Village in County Clare, Ireland

Ballynacally is a village and townland situated 16.7 km southwest of Ennis, on the R473 coast road to Kilrush in the civil parish of Kilchreest, County Clare, Ireland. It lies near the bank of the River Shannon.

==History==
Ballynacally derives from Baile na Caillí. This means "the nun's land", because it belonged to the nuns of Killone Convent. It is home to many historical structures and monuments. The area is known to have been visited by St. Brendan and St. Senan who established monasteries in the islands. The Vikings looted the churches while travelling up the Shannon to Limerick. During the Norman period nuns occupied the Kilchreest area, and Norman castles were erected at Dangan, Ballycorick, and Cragbrien.
The ruins of the Dangan tower still remain.

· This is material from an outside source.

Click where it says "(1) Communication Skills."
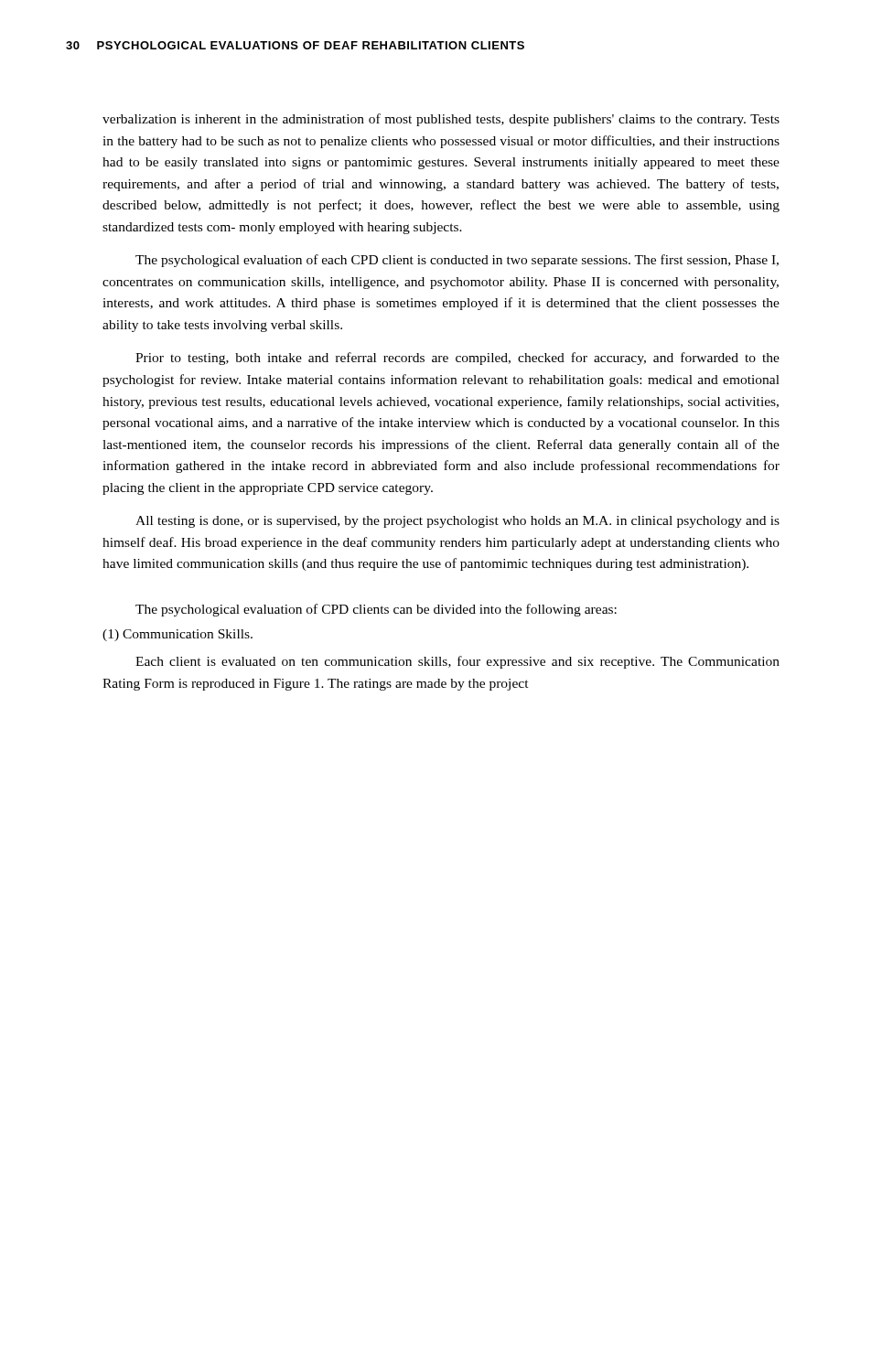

Ballynacally was a former parish. Samuel Lewis's 'County Clare: A History and Topography (1837) mentioned that the villagers produced corn, butter, pork, and other agricultural produce which was loaded into boats in the quay and taken along the river to Limerick, and that limestone and sea manure were produced for the community. He also mentioned that Ballynacally held several cattle fairs throughout the year. In 1841 the townland had an area of 12 acres and a population of 194 people living in 29 houses. In the 19th century, the village developed a reputation for its fine "faction fighters" (see bataireacht), who possessed a "superior skill with the stick".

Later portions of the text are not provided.